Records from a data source
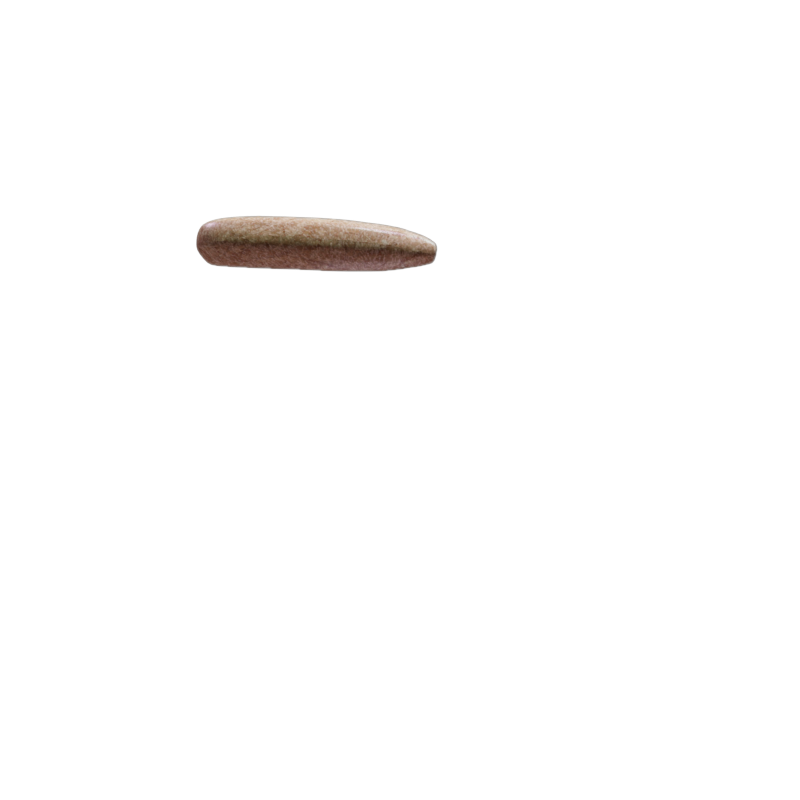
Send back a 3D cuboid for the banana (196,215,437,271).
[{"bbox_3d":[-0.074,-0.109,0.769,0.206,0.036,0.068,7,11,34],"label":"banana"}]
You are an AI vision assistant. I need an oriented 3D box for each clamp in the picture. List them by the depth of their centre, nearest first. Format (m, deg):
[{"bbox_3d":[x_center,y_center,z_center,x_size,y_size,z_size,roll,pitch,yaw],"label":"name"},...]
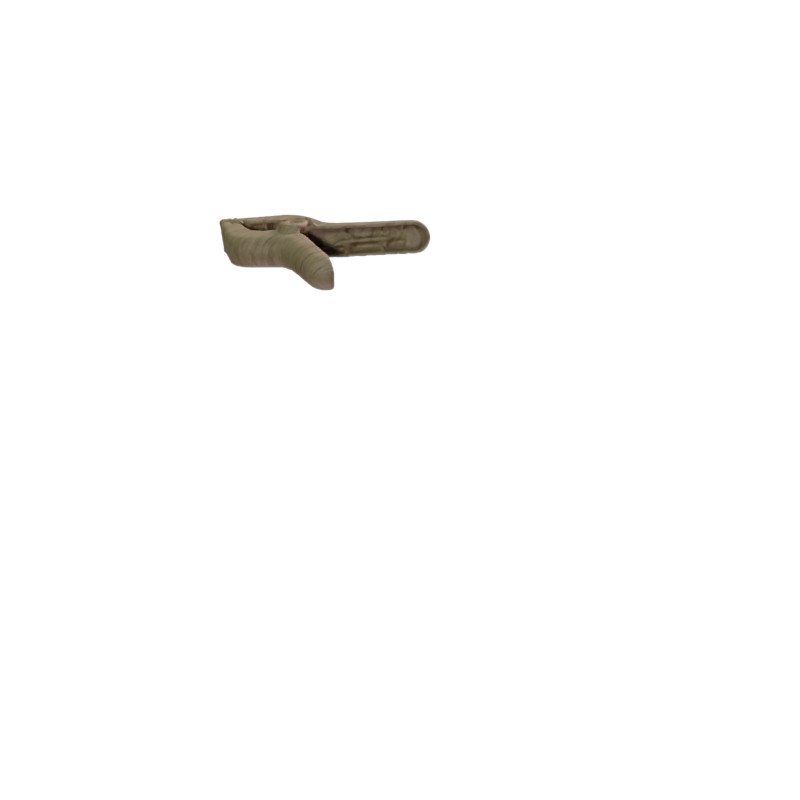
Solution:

* _WHAT TO WORK ON_
Without the pictures, print the records in full, exactly as they appear.

* _EXERCISE OUTPUT_
Send back a 3D cuboid for the banana (196,215,437,271).
[{"bbox_3d":[-0.074,-0.109,0.769,0.206,0.036,0.068,7,11,34],"label":"banana"}]
You are an AI vision assistant. I need an oriented 3D box for each clamp in the picture. List them by the depth of their centre, nearest first. Format (m, deg):
[{"bbox_3d":[x_center,y_center,z_center,x_size,y_size,z_size,roll,pitch,yaw],"label":"name"},...]
Solution:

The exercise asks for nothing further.